The point of the exercise is that there are many ways in which your brain can maintain spatial awareness, and it’s remarkably clever at picking up on subtle cues for maintaining relative orientations and positions. I often find that when I close my eyes and wander in an environment, that I attend to audible cues as reference points. Sometimes, I imagine a visual representation of the audible sources embedded in my surroundings shifting as I move, essentially binding the sounds to locations. I do much the same thing when I’m wandering around my house in the dark at night. I find that I’m usually able to put out my hand to find the door frame within a few inches of where I expect it to be.

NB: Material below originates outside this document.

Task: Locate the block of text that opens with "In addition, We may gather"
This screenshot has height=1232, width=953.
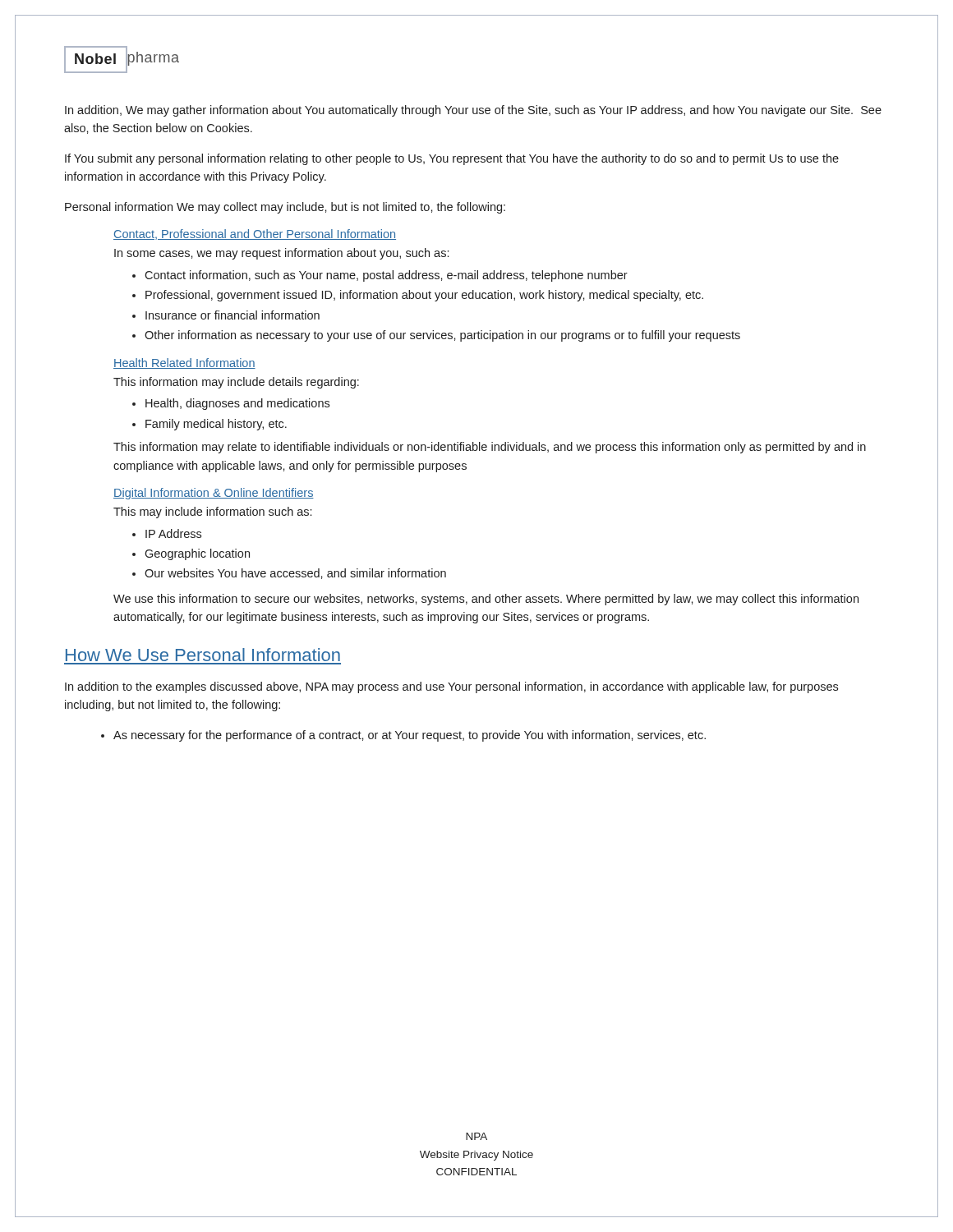Action: coord(473,119)

Now, I’d like to get to the crux of the problem that I have been trying to grapple with ever since the topic of grid cells was introduced: What is the mechanism that drives these cells to fire in the grid pattern? With only raw sensory input to go on (i.e. no explicit position information) how do the cells know they have arrived at a given location/orientation. I could understand it if a particular body pose (prorpioceptive inputs) generated a certain SDR that happened to select for a given set of grid cells. However, if my understanding is correct, these same grid cells would still be active regardless of the body pose when the body returns to the previous location. I could also understand it if a given combination of environmental cues gave rise to an SDR that would also select for a location/orientation representation. But what causes the same cells to fire in such a regular pattern w.r.t. location (hexagons!) even if the environmental cues do not have a corresponding regularity?

I suppose it all comes down to path integration. It’s not the position, it’s the motion. Is there a network of cells that recognize temporal sequences corresponding to spatial translations and rotations? Are these transitions somehow translated into recurring patterns of grid cell activation?